Nvidia (NVDA) stock analysis: Buy, Sell, or Hold in 2024?

The semiconductor giant Nvidia (NASDAQ: NVDA) is one the biggest companies that have, in recent months, been consistently impressing on all fronts. 

On the business side, the company has been doing very well and continues to manufacture some of the most technologically advanced chips – including new high-end models intended for use in the artificial intelligence (AI) sector.

The firm’s stock market performance in the last 52 weeks has also been staggering, and its shares rose more than 214.18% in the timeframe. The company has also been going strong since January 1 and is up 15.46% in the first weeks of 2024.

Nvidia’s shares are worth $556.68 at the time of publication, having continued their rise in the last 24 hours, adding another 1.75%.

NVDA YTD chart. Source: Finbold

NVDA stock even helped certain market-minded politicians significantly boost their already major 2023 returns.

Still, as with most things in life, New Year 2024 is full of promise, but also few guarantees that it will be smooth sailing from start to finish, and deciding whether or not to invest in Nvidia requires careful analysis of many factors.

Is buying NVDA a good idea in 2024?

At the onset of 2024, Nvidia’s stock appears to be one of the most obvious winning buys for any savvy investor. 

The company is an important player in the microchip industry and has – along with other infrastructure providers such as Amazon (NASDAQ: AMZN) through its AWS cloud service – been a major beneficiary of the opening stages of the AI boom.

Nvidia is also set to start shipping its most advanced microchip to date – the H200 – and has, at least at surface level, successfully navigated the challenges stemming from new restrictions on exports to China.

Despite its strong 2023 performance, the semiconductor giant was even considered one of the cheapest big tech stocks in mid-December.

Challenges ahead for NVDA stock?

Despite all of these positive factors, certain challenges persist.

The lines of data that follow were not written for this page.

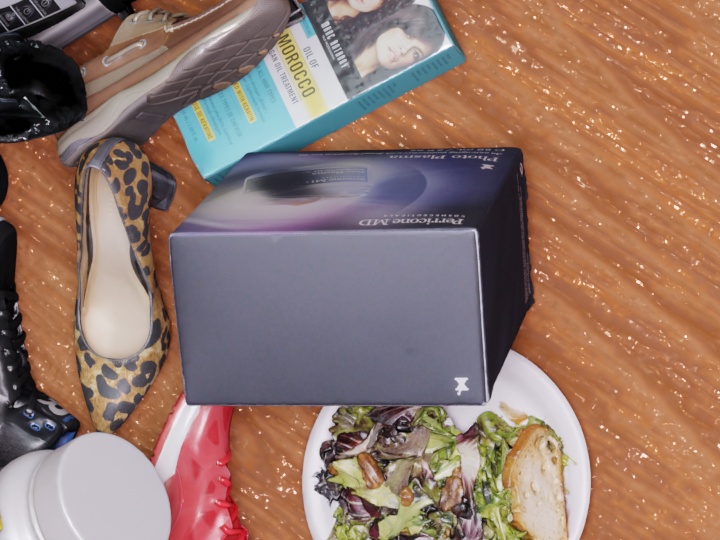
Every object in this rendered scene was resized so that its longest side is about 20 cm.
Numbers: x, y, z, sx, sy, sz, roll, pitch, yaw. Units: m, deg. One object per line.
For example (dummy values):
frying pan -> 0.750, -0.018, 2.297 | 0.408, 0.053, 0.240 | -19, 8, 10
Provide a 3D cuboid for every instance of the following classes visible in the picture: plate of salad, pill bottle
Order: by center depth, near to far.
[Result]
pill bottle -> -0.225, 0.187, 1.611 | 0.200, 0.113, 0.113 | -32, 75, 37
plate of salad -> 0.055, 0.142, 1.628 | 0.199, 0.048, 0.201 | -2, 83, 13

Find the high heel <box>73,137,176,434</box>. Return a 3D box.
high heel -> -0.177, 0.012, 1.648 | 0.071, 0.143, 0.201 | 8, 84, 13

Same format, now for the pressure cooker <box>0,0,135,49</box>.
pressure cooker -> -0.243, -0.237, 1.682 | 0.200, 0.176, 0.179 | -31, 73, 6

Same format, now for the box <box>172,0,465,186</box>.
box -> -0.034, -0.139, 1.686 | 0.199, 0.049, 0.083 | -28, 77, 8

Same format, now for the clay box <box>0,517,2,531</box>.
clay box -> -0.305, 0.116, 1.600 | 0.115, 0.048, 0.200 | -34, 46, 16

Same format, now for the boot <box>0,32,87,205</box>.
boot -> -0.251, -0.092, 1.634 | 0.168, 0.200, 0.077 | -13, 70, 25

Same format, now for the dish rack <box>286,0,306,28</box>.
dish rack -> -0.010, -0.273, 1.673 | 0.199, 0.055, 0.154 | -27, 57, 6

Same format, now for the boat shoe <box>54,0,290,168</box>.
boat shoe -> -0.138, -0.146, 1.644 | 0.200, 0.076, 0.072 | -32, 73, 19

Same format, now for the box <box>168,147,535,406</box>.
box -> 0.000, 0.000, 1.567 | 0.199, 0.198, 0.124 | -1, 108, 12

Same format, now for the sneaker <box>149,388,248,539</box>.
sneaker -> -0.093, 0.166, 1.654 | 0.115, 0.078, 0.201 | 23, 100, 6

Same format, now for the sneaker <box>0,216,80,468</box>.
sneaker -> -0.242, 0.069, 1.698 | 0.111, 0.073, 0.201 | 16, 94, 11
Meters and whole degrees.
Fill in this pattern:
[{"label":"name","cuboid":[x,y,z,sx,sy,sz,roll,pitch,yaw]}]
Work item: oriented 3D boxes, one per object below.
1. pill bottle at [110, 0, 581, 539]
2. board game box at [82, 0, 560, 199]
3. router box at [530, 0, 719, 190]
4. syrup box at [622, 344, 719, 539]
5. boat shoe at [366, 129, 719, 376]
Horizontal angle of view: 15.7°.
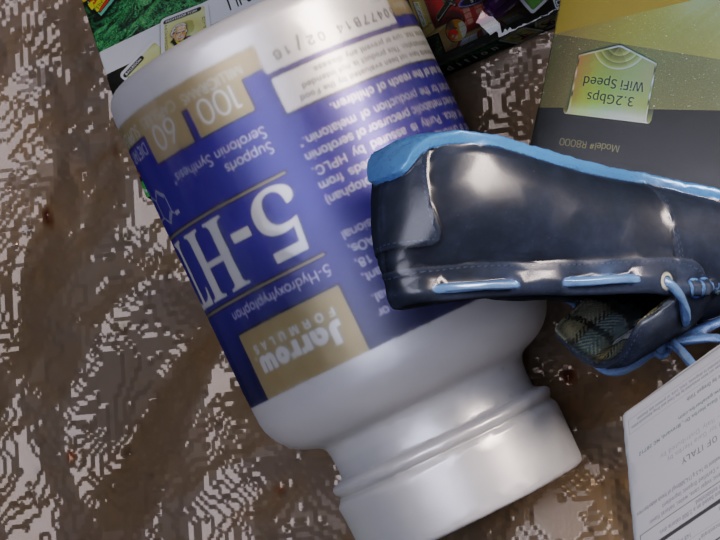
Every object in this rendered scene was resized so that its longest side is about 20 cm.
[{"label":"pill bottle","cuboid":[0.000,0.000,0.973,0.120,0.120,0.200,-27,87,16]},{"label":"board game box","cuboid":[-0.014,-0.113,1.051,0.200,0.023,0.105,-24,74,17]},{"label":"router box","cuboid":[0.174,-0.094,0.951,0.200,0.052,0.158,8,80,22]},{"label":"syrup box","cuboid":[0.143,0.113,0.834,0.081,0.079,0.200,-38,30,27]},{"label":"boat shoe","cuboid":[0.085,0.004,0.923,0.084,0.200,0.069,-23,60,62]}]
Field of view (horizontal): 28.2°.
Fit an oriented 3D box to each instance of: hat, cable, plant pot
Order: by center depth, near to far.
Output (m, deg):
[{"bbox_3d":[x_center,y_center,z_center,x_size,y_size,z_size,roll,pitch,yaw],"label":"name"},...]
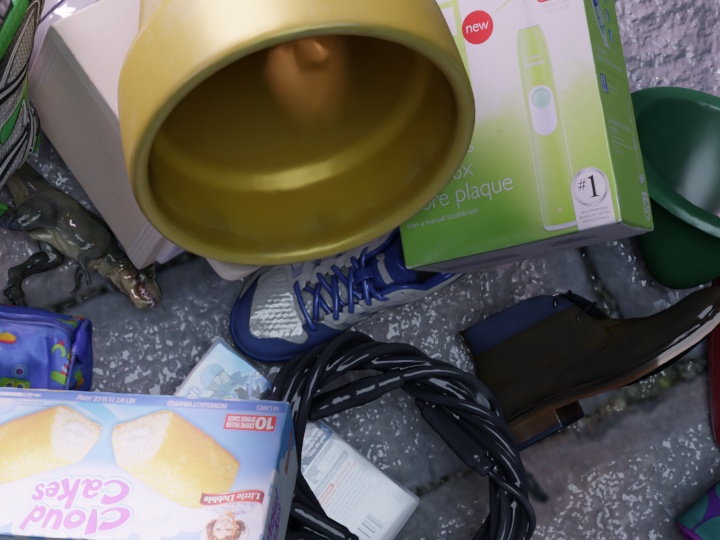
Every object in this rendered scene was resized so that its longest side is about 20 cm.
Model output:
[{"bbox_3d":[-0.050,-0.137,0.846,0.198,0.202,0.190,-8,55,-11],"label":"plant pot"},{"bbox_3d":[0.026,0.134,0.964,0.198,0.051,0.165,19,73,-3],"label":"cable"},{"bbox_3d":[0.232,-0.009,1.073,0.164,0.177,0.201,15,41,-9],"label":"hat"}]

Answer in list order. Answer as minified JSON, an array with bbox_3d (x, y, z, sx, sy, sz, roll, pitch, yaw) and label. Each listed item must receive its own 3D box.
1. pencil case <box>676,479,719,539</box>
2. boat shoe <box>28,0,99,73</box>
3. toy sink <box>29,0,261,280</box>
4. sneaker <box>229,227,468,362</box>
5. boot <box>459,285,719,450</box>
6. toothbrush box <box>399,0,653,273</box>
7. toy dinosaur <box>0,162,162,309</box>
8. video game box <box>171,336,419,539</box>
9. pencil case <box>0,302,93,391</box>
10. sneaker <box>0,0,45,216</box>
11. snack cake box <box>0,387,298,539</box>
[{"bbox_3d":[0.323,0.156,1.032,0.199,0.085,0.093,-39,74,-12],"label":"pencil case"},{"bbox_3d":[-0.190,-0.209,1.004,0.065,0.072,0.201,36,83,12],"label":"boat shoe"},{"bbox_3d":[-0.113,-0.084,0.962,0.130,0.112,0.201,-35,86,-32],"label":"toy sink"},{"bbox_3d":[0.000,0.000,0.997,0.198,0.088,0.076,-26,89,-11],"label":"sneaker"},{"bbox_3d":[0.162,0.041,0.998,0.199,0.075,0.098,-33,78,18],"label":"boot"},{"bbox_3d":[0.092,-0.110,0.911,0.144,0.086,0.203,-11,82,25],"label":"toothbrush box"},{"bbox_3d":[-0.225,-0.029,0.987,0.088,0.047,0.200,-43,86,-16],"label":"toy dinosaur"},{"bbox_3d":[-0.089,0.181,0.978,0.182,0.047,0.201,40,77,-5],"label":"video game box"},{"bbox_3d":[-0.275,0.050,0.944,0.198,0.087,0.079,13,46,-9],"label":"pencil case"},{"bbox_3d":[-0.239,-0.116,0.908,0.078,0.085,0.201,45,120,31],"label":"sneaker"},{"bbox_3d":[-0.144,0.140,0.877,0.197,0.068,0.116,2,42,7],"label":"snack cake box"}]
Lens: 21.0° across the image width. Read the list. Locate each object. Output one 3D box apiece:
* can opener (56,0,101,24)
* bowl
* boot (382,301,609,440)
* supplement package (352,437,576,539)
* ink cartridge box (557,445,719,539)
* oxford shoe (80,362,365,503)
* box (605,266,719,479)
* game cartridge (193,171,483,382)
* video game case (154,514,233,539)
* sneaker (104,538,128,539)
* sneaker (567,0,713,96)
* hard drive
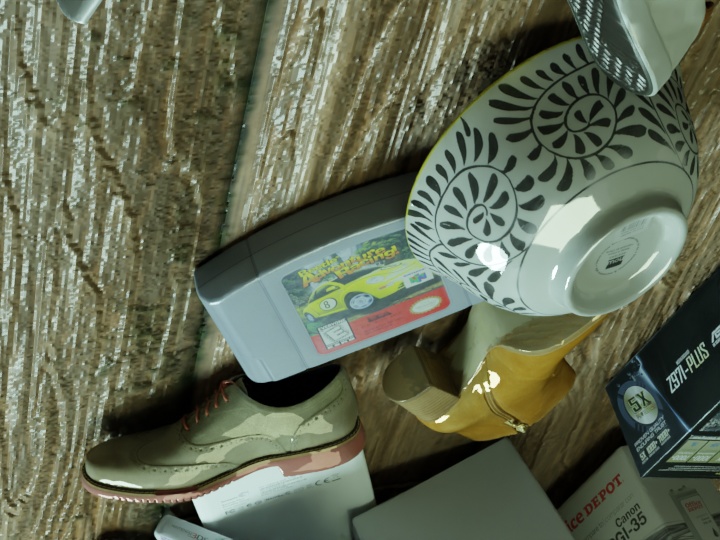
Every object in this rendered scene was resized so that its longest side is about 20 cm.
[{"bbox_3d":[-0.104,-0.194,0.882,0.066,0.054,0.200,8,138,-37],"label":"can opener"},{"bbox_3d":[0.135,-0.036,1.163,0.199,0.094,0.202,-24,146,-17],"label":"bowl"},{"bbox_3d":[0.123,0.055,1.365,0.200,0.071,0.144,-31,152,23],"label":"boot"},{"bbox_3d":[0.103,0.280,1.539,0.146,0.192,0.201,-26,150,-13],"label":"supplement package"},{"bbox_3d":[0.245,0.257,1.580,0.082,0.201,0.147,-6,147,-39],"label":"ink cartridge box"},{"bbox_3d":[-0.098,0.105,1.335,0.198,0.071,0.075,-13,121,-7],"label":"oxford shoe"},{"bbox_3d":[0.317,0.081,1.475,0.198,0.087,0.164,4,141,-31],"label":"box"},{"bbox_3d":[0.000,0.000,1.241,0.198,0.041,0.133,-22,143,3],"label":"game cartridge"},{"bbox_3d":[-0.052,0.269,1.495,0.181,0.024,0.201,17,152,27],"label":"video game case"},{"bbox_3d":[-0.164,0.281,1.533,0.200,0.084,0.120,48,149,-24],"label":"sneaker"},{"bbox_3d":[0.140,-0.187,1.026,0.085,0.073,0.200,-47,143,-13],"label":"sneaker"},{"bbox_3d":[-0.055,0.177,1.480,0.131,0.027,0.201,-17,147,-3],"label":"hard drive"}]
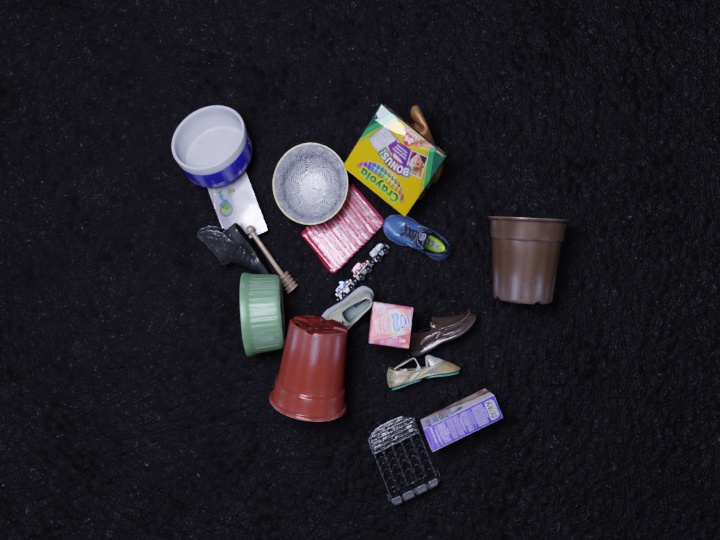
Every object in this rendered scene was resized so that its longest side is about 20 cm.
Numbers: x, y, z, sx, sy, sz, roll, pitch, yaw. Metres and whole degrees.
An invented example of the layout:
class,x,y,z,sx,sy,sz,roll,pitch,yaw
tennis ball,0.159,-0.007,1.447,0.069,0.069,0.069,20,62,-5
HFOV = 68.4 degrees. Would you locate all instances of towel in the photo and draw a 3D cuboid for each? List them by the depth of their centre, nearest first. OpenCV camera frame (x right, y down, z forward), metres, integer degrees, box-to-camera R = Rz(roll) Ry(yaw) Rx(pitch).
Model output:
class,x,y,z,sx,sy,sz,roll,pitch,yaw
towel,-0.048,-0.111,1.413,0.199,0.022,0.145,-43,85,-2

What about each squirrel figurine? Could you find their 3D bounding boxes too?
class,x,y,z,sx,sy,sz,roll,pitch,yaw
squirrel figurine,0.109,-0.278,1.361,0.182,0.141,0.206,-27,85,7

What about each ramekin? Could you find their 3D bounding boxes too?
class,x,y,z,sx,sy,sz,roll,pitch,yaw
ramekin,-0.241,0.106,1.327,0.093,0.200,0.209,-4,88,-6

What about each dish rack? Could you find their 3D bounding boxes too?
class,x,y,z,sx,sy,sz,roll,pitch,yaw
dish rack,0.109,0.487,1.371,0.149,0.055,0.207,-23,86,-1

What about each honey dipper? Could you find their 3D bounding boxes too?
class,x,y,z,sx,sy,sz,roll,pitch,yaw
honey dipper,-0.237,-0.032,1.390,0.038,0.038,0.203,-36,97,-1

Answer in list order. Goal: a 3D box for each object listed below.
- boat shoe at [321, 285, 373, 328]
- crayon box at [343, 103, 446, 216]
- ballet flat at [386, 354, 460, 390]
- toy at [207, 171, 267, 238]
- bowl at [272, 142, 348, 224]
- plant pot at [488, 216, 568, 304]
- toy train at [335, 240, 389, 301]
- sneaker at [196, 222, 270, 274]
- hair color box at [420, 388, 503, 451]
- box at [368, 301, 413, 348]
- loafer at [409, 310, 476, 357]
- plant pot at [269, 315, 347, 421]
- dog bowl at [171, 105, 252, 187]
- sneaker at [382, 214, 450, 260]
class,x,y,z,sx,sy,sz,roll,pitch,yaw
boat shoe,-0.046,0.118,1.366,0.072,0.062,0.199,43,102,-13
crayon box,0.083,-0.267,1.286,0.197,0.058,0.175,37,109,0
ballet flat,0.160,0.255,1.371,0.192,0.071,0.074,-15,87,3
toy,-0.330,-0.181,1.410,0.111,0.047,0.207,-21,93,2
bowl,-0.125,-0.218,1.383,0.192,0.094,0.210,0,88,2
plant pot,0.410,-0.028,1.319,0.191,0.200,0.208,3,95,2
toy train,0.000,0.000,1.401,0.046,0.034,0.201,42,89,5
sneaker,-0.326,-0.043,1.376,0.102,0.060,0.203,-31,116,5
hair color box,0.252,0.375,1.342,0.194,0.109,0.067,-24,86,0
box,0.072,0.133,1.310,0.098,0.200,0.099,7,86,1
loafer,0.208,0.150,1.369,0.195,0.073,0.073,-28,88,0
plant pot,-0.114,0.227,1.294,0.192,0.201,0.204,10,100,2
dog bowl,-0.379,-0.319,1.364,0.191,0.079,0.208,-4,63,7
sneaker,0.149,-0.092,1.373,0.193,0.089,0.081,22,87,3
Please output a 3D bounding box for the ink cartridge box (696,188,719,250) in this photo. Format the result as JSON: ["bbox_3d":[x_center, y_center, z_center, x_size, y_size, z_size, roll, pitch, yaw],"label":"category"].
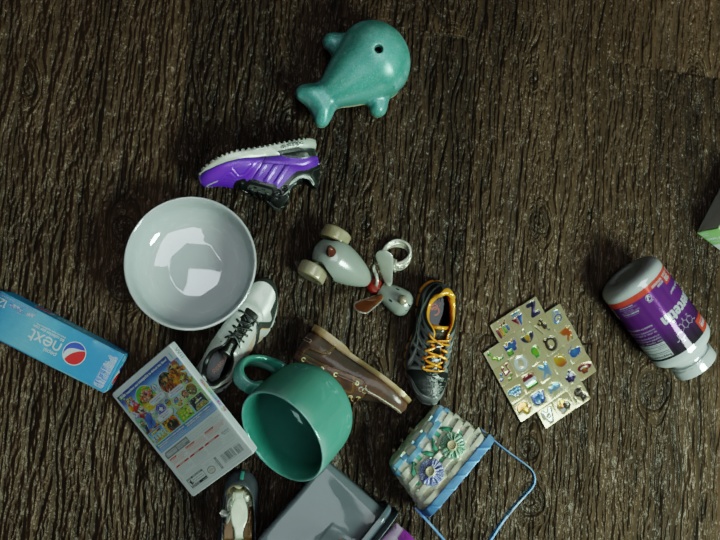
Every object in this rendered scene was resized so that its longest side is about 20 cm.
[{"bbox_3d":[0.723,-0.062,1.317,0.198,0.067,0.118,35,80,-5],"label":"ink cartridge box"}]

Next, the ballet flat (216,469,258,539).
[{"bbox_3d":[-0.187,0.408,1.107,0.071,0.073,0.205,3,85,-10],"label":"ballet flat"}]

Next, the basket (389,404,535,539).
[{"bbox_3d":[0.150,0.325,1.141,0.199,0.139,0.177,40,80,4],"label":"basket"}]

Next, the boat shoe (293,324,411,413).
[{"bbox_3d":[-0.014,0.171,1.158,0.198,0.070,0.071,35,73,2],"label":"boat shoe"}]

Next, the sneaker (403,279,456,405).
[{"bbox_3d":[0.117,0.116,1.184,0.077,0.077,0.205,4,86,-12],"label":"sneaker"}]

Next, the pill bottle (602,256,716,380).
[{"bbox_3d":[0.511,0.083,1.243,0.112,0.112,0.201,-40,94,-11],"label":"pill bottle"}]

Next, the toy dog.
[{"bbox_3d":[0.000,0.000,1.159,0.196,0.096,0.135,10,84,-10],"label":"toy dog"}]

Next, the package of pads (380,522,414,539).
[{"bbox_3d":[0.030,0.502,1.109,0.199,0.076,0.120,-41,60,-16],"label":"package of pads"}]

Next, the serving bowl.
[{"bbox_3d":[-0.256,-0.006,1.121,0.195,0.066,0.205,1,79,-5],"label":"serving bowl"}]

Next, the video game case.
[{"bbox_3d":[-0.264,0.225,1.095,0.142,0.018,0.201,-37,93,23],"label":"video game case"}]

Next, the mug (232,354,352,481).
[{"bbox_3d":[-0.092,0.202,1.094,0.114,0.150,0.188,-38,115,-49],"label":"mug"}]

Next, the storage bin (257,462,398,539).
[{"bbox_3d":[-0.058,0.394,1.105,0.134,0.146,0.200,42,80,5],"label":"storage bin"}]

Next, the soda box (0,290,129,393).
[{"bbox_3d":[-0.447,0.105,1.080,0.198,0.068,0.065,30,82,-7],"label":"soda box"}]

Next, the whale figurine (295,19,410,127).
[{"bbox_3d":[-0.008,-0.319,1.178,0.199,0.104,0.160,-36,93,-11],"label":"whale figurine"}]

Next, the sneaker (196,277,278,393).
[{"bbox_3d":[-0.185,0.101,1.126,0.073,0.080,0.203,29,79,-5],"label":"sneaker"}]

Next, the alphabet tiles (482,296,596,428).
[{"bbox_3d":[0.308,0.157,1.252,0.165,0.006,0.202,-30,91,-12],"label":"alphabet tiles"}]

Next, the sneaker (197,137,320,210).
[{"bbox_3d":[-0.154,-0.141,1.155,0.196,0.070,0.102,-14,91,-11],"label":"sneaker"}]
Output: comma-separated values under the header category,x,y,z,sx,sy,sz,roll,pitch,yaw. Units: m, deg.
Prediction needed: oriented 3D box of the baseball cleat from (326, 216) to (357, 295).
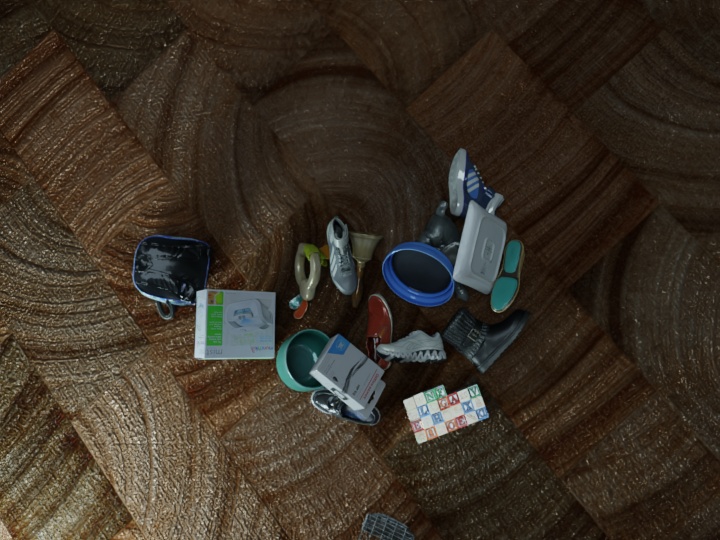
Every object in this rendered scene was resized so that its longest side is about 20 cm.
category,x,y,z,sx,sy,sz,roll,pitch,yaw
baseball cleat,-0.052,-0.039,1.514,0.068,0.107,0.205,-15,82,-9

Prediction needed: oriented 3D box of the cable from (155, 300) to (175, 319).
category,x,y,z,sx,sy,sz,roll,pitch,yaw
cable,-0.597,0.045,1.670,0.095,0.050,0.205,-14,81,2

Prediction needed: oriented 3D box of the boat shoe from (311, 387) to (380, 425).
category,x,y,z,sx,sy,sz,roll,pitch,yaw
boat shoe,-0.043,0.367,1.543,0.196,0.066,0.071,21,86,10

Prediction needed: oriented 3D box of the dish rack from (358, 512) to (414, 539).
category,x,y,z,sx,sy,sz,roll,pitch,yaw
dish rack,0.050,0.737,1.494,0.150,0.055,0.204,21,85,9

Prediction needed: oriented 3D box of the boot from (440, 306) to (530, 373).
category,x,y,z,sx,sy,sz,roll,pitch,yaw
boot,0.325,0.143,1.509,0.158,0.079,0.211,44,91,11

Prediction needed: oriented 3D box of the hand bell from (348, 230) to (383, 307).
category,x,y,z,sx,sy,sz,roll,pitch,yaw
hand bell,0.000,0.000,1.582,0.101,0.104,0.206,8,96,9

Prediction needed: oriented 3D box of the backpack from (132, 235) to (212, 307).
category,x,y,z,sx,sy,sz,roll,pitch,yaw
backpack,-0.522,0.000,1.600,0.195,0.147,0.188,10,83,-18

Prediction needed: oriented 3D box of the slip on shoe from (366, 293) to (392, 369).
category,x,y,z,sx,sy,sz,roll,pitch,yaw
slip on shoe,0.046,0.164,1.548,0.073,0.061,0.206,-7,82,38

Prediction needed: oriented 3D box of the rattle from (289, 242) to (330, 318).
category,x,y,z,sx,sy,sz,roll,pitch,yaw
rattle,-0.118,0.025,1.615,0.128,0.141,0.206,8,101,41

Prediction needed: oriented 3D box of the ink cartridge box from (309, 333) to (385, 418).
category,x,y,z,sx,sy,sz,roll,pitch,yaw
ink cartridge box,-0.019,0.273,1.483,0.199,0.067,0.117,39,61,-9

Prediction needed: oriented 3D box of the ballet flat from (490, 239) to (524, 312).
category,x,y,z,sx,sy,sz,roll,pitch,yaw
ballet flat,0.393,0.022,1.511,0.067,0.063,0.204,12,75,33

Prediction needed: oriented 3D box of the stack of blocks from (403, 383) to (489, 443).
category,x,y,z,sx,sy,sz,roll,pitch,yaw
stack of blocks,0.222,0.358,1.509,0.196,0.059,0.118,-21,80,5

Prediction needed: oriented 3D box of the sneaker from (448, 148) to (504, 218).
category,x,y,z,sx,sy,sz,roll,pitch,yaw
sneaker,0.318,-0.223,1.566,0.143,0.081,0.205,10,68,-12

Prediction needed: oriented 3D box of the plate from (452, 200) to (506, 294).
category,x,y,z,sx,sy,sz,roll,pitch,yaw
plate,0.317,-0.053,1.481,0.032,0.198,0.205,11,84,41

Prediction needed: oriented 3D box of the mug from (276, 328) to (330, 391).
category,x,y,z,sx,sy,sz,roll,pitch,yaw
mug,-0.140,0.256,1.535,0.150,0.114,0.188,-26,89,-31

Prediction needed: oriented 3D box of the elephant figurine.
category,x,y,z,sx,sy,sz,roll,pitch,yaw
elephant figurine,0.247,-0.045,1.525,0.198,0.156,0.143,34,67,6

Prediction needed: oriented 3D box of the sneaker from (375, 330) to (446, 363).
category,x,y,z,sx,sy,sz,roll,pitch,yaw
sneaker,0.130,0.199,1.518,0.195,0.075,0.083,4,73,-21

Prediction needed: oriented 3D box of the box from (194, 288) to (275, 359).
category,x,y,z,sx,sy,sz,roll,pitch,yaw
box,-0.335,0.146,1.550,0.196,0.096,0.182,5,81,-32

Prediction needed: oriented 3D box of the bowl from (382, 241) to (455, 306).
category,x,y,z,sx,sy,sz,roll,pitch,yaw
bowl,0.154,0.009,1.505,0.196,0.203,0.040,20,49,11

The first of these comes in the form of the reported reluctance of Chinese companies to settle for microchips modified to comply with the new restrictions.

Furthermore, certain long-standing customers of Nvidia, such as Baidu (NASDAQ: BIDU) have been taking steps throughout 2023 to reduce their dependence on the American company.

Additionally, the current geopolitical situation is permeated by instability, and certain ongoing events – such as the partial blockade of the Red Sea – present a danger to global supply chains.

Finally, the most recent inflation figures have somewhat dampened hopes for economic recovery and a swift decrease in interest rates – and indeed, certain major financial institutions such as JPMorgan Chase (NYSE: JPM) believe investors are likely to be disappointed in 2024.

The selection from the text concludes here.